Ni corto ni perezoso, ante tantas infructuosas cavilaciones, até al penco en la bola de enganche trasero del Gálloper, y de esta forma empecé a hacer mi servicio de control de todo el perímetro del incendio.
Sí, resultaba muy curioso ver a un todo terreno oficial arrastrando a un corcel alrededor de un incendio, yendo de aquí para allá. Y el animal dejándose llevar con mansedumbre.
Aquí me paraba pues se iba a reavivar un foco y le echaba con celeridad agua con la mochila, mientras que el equino tranquilamente agachaba la cabeza y comenzaba a pastar; allá que iba corriendo con el vehículo pues parecía que salía mucho humo de otro franco, y el alazán corriendo atado tras de mí… Así toda la tarde que duró el fuego.
Recuerdo en una pasada cerca de las ruinas a los bomberos y a los ancianos, los primeros empezaban a recoger mangueras para ir al frente principal, los segundos tranquilos y agradecidos por haberse salvado sus pocos bienes y ellos mismos, cómo miraban aquella comitiva de una forma jocosa.
Ya había otra autobomba actuando en los chalets. La primera se había quedado rematando el flanco que iba en dirección al camino del Cementerio Viejo, y ahora, sofocado ese perímetro, tenían que ir a cargar agua para refrescar la zona.
Me acerqué, cuando el contorno del incendio estaba controlado, a los septuagenarios y les pregunté intrigado por la razón de su presencia en aquellas ruinas. Triste drama el que me contaron: habían sido desalojados de una vivienda que ocupaban ilegalmente en la próxima barriada de Llera, y obligados a recoger los pocos enseres que tenían, acudieron a su nuevo “hogar” en esas ruinas en espera de que el ayuntamiento les otorgase otra vivienda que parece ser les habían prometido.

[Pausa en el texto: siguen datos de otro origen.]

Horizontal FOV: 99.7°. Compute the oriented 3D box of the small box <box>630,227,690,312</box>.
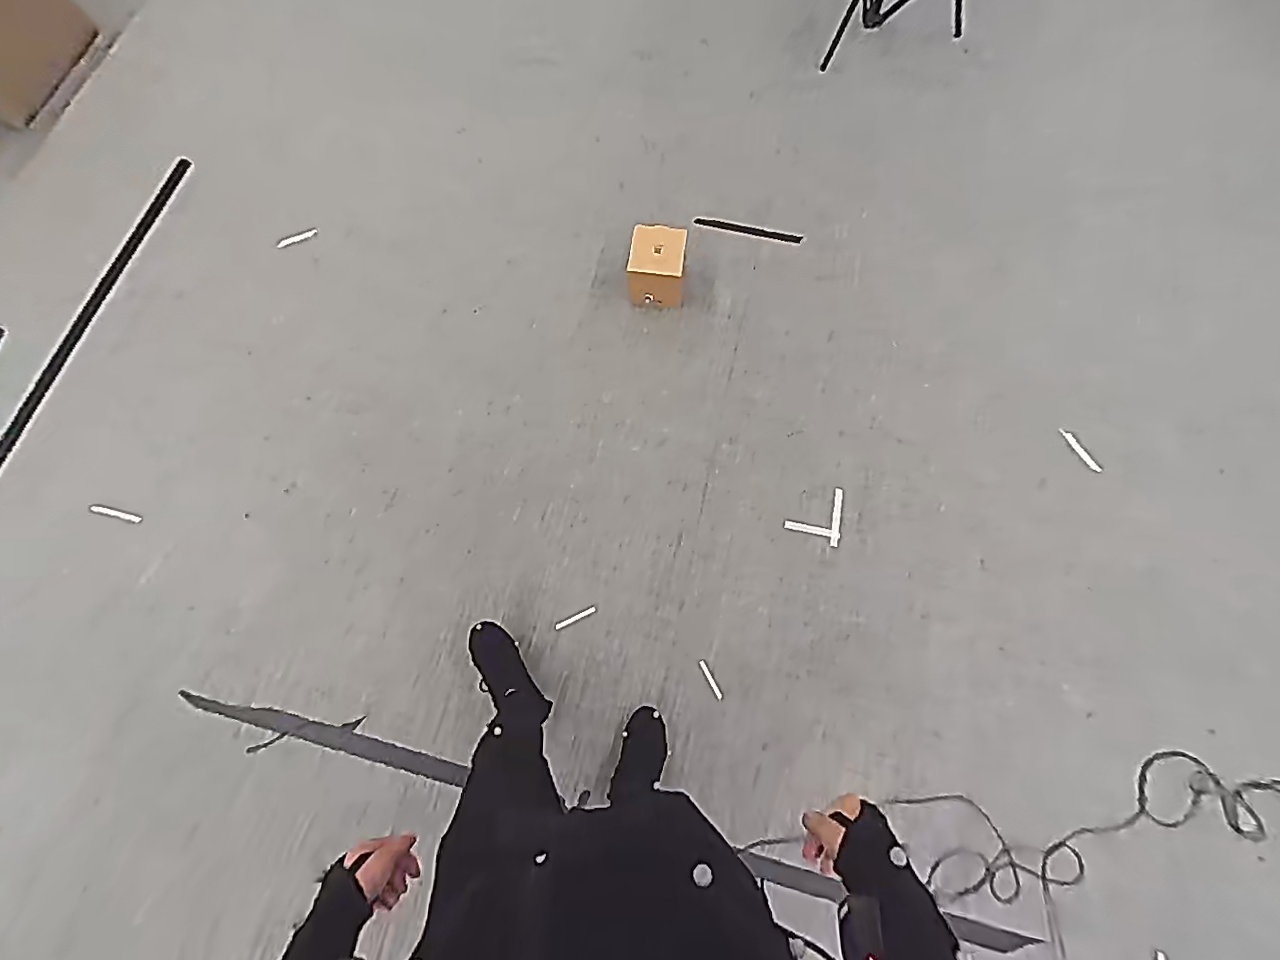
[{"bbox_3d":[0.060,-0.665,1.718,0.168,0.176,0.179,8,73,3],"label":"small box"}]

Entonces me preguntaron sobre el caballo, si lo teníamos los agentes forestales para determinados servicios en el monte, así como el SEPRONA lleva las motos también atrás del todoterreno. Tan absorto había estado en las operaciones de remate, en la atención a los ancianos proporcionándoles agua y en el relevo de los camiones de bombero, que me había olvidado del jamelgo que se encontraba todavía atado al enganche del coche, y que, como si nada, tenía la cabeza nuevamente agachada rebuscando algo entre lo quemado para llevarse a la boca.
Sonreí y creo que les contesté lo primero que me pasó por la cabeza, que aquella tarde había sido mi mascota.
Me lo llevé de vuelta a su refugio, ahora con el seto semi calcinado y totalmente apagado. Lo volví a atar donde lo encontré la primera vez.
Otras aventuras en mi Sierra de San Pedro, los días que siguieron tras terminar aquel turno de guardias en la zona sur de Badajoz, no me permitieron acudir a ver cómo seguía aquel eventual compañero de patrulla.
Cuando al cabo de bastante tiempo me dio por volver al sitio, casi terminada la temporada de incendios forestales, los ancianos ya no habitaban las de nuevo solitarias ruinas. Deseaba que estuvieran con mejor suerte bajo un techo más decente. En el chalet, el seto casi en su totalidad se encontraba formando una triste pantalla de esqueletos ennegrecidos; el césped, al contrario, permanecía verde; la casa vacía también (no era fin de semana). Y el simpático cuadrúpedo… no se encontraba atado, ni libre… No se hallaba, sin más.
He de reconocer que, tanto mi Gálloper como yo, le echamos de menos con algo de tristeza.